Sufis were acknowledged for their collections of talismanic objects, one of which was specimens of calligraphy. Thus, it reinforces the idea of Sufism and Calligraphy were congenial in Bidar, as indicated by Ya'qub bin Hasan Siraj Shirazi's Tuhfat al- Muhibbin (Bounty of the Two Lovers, 1454), a calligraphic monograph that was designated for Muhibb al-Din, son of Sheikh Ni'mat-Allah.
The lines chosen for the inscriptions are depicted in a way that creates a connection between the visitor of the mausoleum and Ahmad Shah, as if he is addressing the words of Shah Ni'mat-Allah to the visitors; welcoming them to his shrine, the lamp, the emerald coloured carpet, the dome, and the paintings where the whole of them is visible to the viewer.

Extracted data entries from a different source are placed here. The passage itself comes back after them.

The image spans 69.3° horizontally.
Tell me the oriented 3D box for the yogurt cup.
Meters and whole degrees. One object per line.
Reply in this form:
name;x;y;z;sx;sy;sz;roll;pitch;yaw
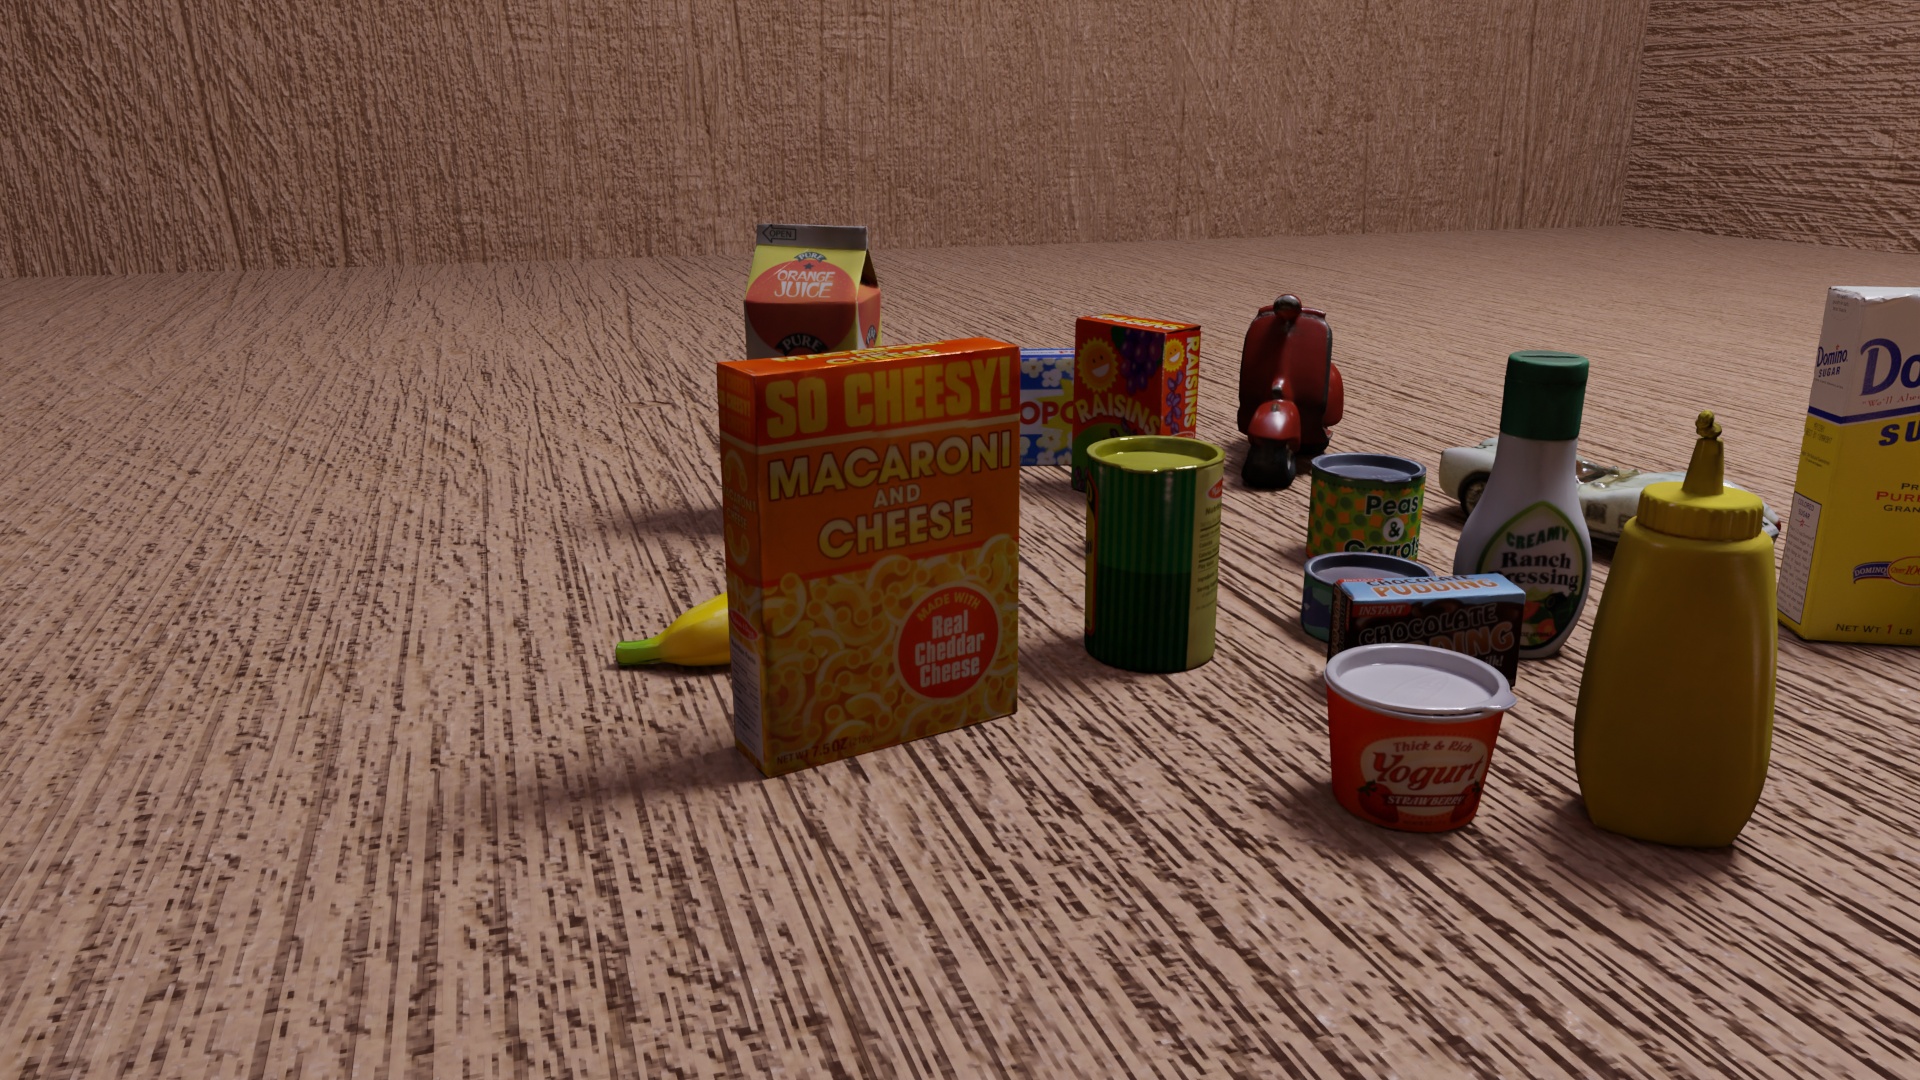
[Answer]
yogurt cup;0.173;0.076;0.536;0.072;0.053;0.072;0;17;0

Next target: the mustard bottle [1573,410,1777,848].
mustard bottle;0.264;0.031;0.504;0.065;0.159;0.049;7;18;23

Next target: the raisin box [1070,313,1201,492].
raisin box;0.120;-0.090;0.955;0.040;0.123;0.086;-13;21;-37

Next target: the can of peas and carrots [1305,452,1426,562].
can of peas and carrots;0.242;-0.017;0.828;0.071;0.058;0.071;0;17;0

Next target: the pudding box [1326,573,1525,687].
pudding box;0.217;0.043;0.650;0.084;0.049;0.030;-2;17;-5

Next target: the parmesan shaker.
parmesan shaker;0.093;0.006;0.679;0.071;0.102;0.071;0;17;0

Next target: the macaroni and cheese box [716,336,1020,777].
macaroni and cheese box;-0.036;0.003;0.583;0.124;0.165;0.040;-10;19;-31

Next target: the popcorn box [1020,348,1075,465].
popcorn box;0.086;-0.103;1.061;0.127;0.085;0.038;-1;17;-4

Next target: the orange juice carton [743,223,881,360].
orange juice carton;-0.091;-0.103;0.882;0.072;0.192;0.073;2;17;8

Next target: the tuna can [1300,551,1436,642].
tuna can;0.211;0.031;0.716;0.071;0.032;0.071;0;17;0

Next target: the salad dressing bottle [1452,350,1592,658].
salad dressing bottle;0.279;-0.018;0.681;0.064;0.147;0.044;1;17;5

The arcane power of the calligraphy in the zones of transition is developed by other ways in which it is reflective, the repeated knotted calligraphy adorning them created a mirror effect that occurs both internally and beyond the space of the mausoleum.

==Inscriptions==

The arrangement of the inscriptions inside Ahmad Shah's mausoleum sync perfectly with their visual context, indicating spatial poetry. Demonstrated by the wall paintings that hold recognizable depictions. Furthermore, calligraphic talismans provide regenerated meanings to the landscape (water sources). These diverse features altogether created a deeply affective and mystical experience in which the poetry fulfilled a space and a visual context gave the poetry new meanings.